As we look to 2024 and beyond, businesses will need to adapt experiences to changing consumer needs and demands, working with payments providers to increase accessibility, offer broader choice, and more.

We break down some the forces driving evolution in payments over the coming years.

Payments need to be available to everyone, everywhere

Regardless of their location or situation, consumers do not want to wait when it comes to payments. The proliferation of smart devices has given users access to everything, all at once, and this is also expected when making transactions.

In 2024, banks and financial institutions will continue to push ahead with this journey to offer smooth, secure payments to everyone, everywhere, delivering services at the lowest possible barrier to entry. This also means ensuring consumers, even those that are unbanked or underbanked, have access to remittances and cross-border payments.

The first step in achieving this goal will be to improve reliability, security and availability, which may see traditional payment methods like debit and credit cards – still the most popular payment methods – become less dominant, while alternative payment methods (APM) like eCash and digital wallets will grow.

This is because, with the right payment provider, merchants can ensure these APMs are available anywhere in the world – eCash, for example, does not require a bank account to use. In addition, digital wallets and online cash can offer swift, secure transactions, helping users overcome security issues by not requiring them to enter their financial details.

Financial companies will embrace collaboration in 2024

While businesses can address consumer payment concerns using APMs, they must also look to bolster their own defences as the threat landscape changes. Increasingly advanced technology, like AI models, are now accessible to far more people, including threat actors.

To combat this escalating threat, it’ll be no surprise to see more financial companies collaborate in 2024 as they seek to improve cyber risk mitigation. This makes perfect sense – and would be a positive step for the industry – though it is easier said than done.
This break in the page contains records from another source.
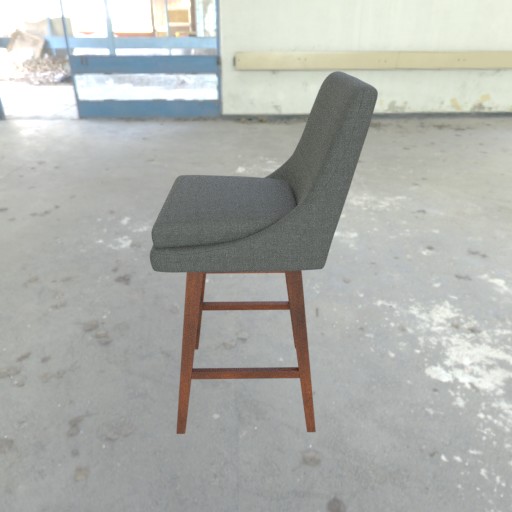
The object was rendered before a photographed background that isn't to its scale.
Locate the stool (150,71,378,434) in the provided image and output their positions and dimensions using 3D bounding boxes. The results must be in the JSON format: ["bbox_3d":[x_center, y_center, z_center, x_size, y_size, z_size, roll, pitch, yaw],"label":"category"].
[{"bbox_3d":[0.000,0.000,1.297,0.524,0.977,0.447,0,27,-1],"label":"stool"}]
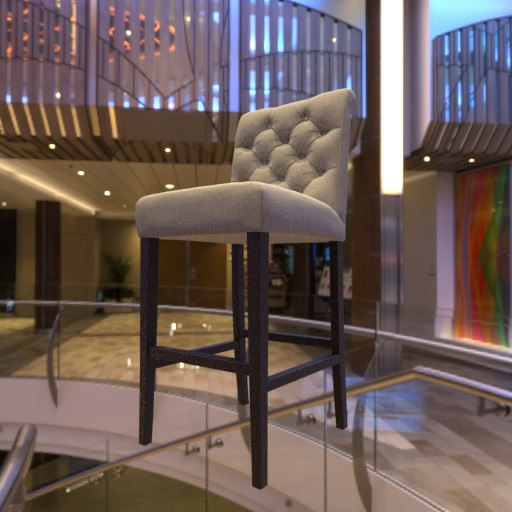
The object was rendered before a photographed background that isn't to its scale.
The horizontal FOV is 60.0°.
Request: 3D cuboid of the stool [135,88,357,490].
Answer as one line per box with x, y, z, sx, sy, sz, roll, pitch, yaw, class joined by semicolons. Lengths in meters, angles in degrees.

Businesses must share data legally, while aimed toward a positive purpose, rather than for pure profit. For example, if a financial organisation gains intelligence on a cyber group, they could share this with other companies to protect against bad money movement.

Ideally, collaboration could help improve anti-fraud, anti-money laundering, and cyber security measures, and more broadly reduce risk for businesses and consumers alike. But first, thinking around data governance may need to change.

Existing trends will evolve

While exciting new trends will emerge in 2024, we’ll also see the evolution of some that have yet to reach their full potential.

Embedded payments, for example, will continue to develop, with more businesses bringing together financial products with features like loyalty schemes to offer more added value to consumers.

Decentralised finance, too, should continue to build momentum in 2024. While decentralised finance, and specifically NFTs, have faced challenges this past year, it will be no surprise to see companies get to grips with changing regulatory requirements and continue to build in this area.

Open banking could also see a big 2024, with more APIs becoming available, and companies starting to develop new solutions to enhance customer experience and reduce friction in the payment ecosystem.

And while evolution rather than revolution is a necessity in technology, it’s always exciting to look ahead to the big trends that could shape the future – perhaps not in the year ahead, but beyond.

The future is quantum

Quantum computing is a trend that is as exciting as it is potentially frightening. Able to perform computations that are exponentially faster than ever before, quantum computing represents a new frontier and it will be thrilling to see how it is used in the years ahead.

Combined with AI, for example, quantum computing could optimise processes at a speed and scale never seen before – with serious benefits passed onto consumers.

In the nearer term, however, ensuring payments are available and accessible for everyone must remain the focus in 2024.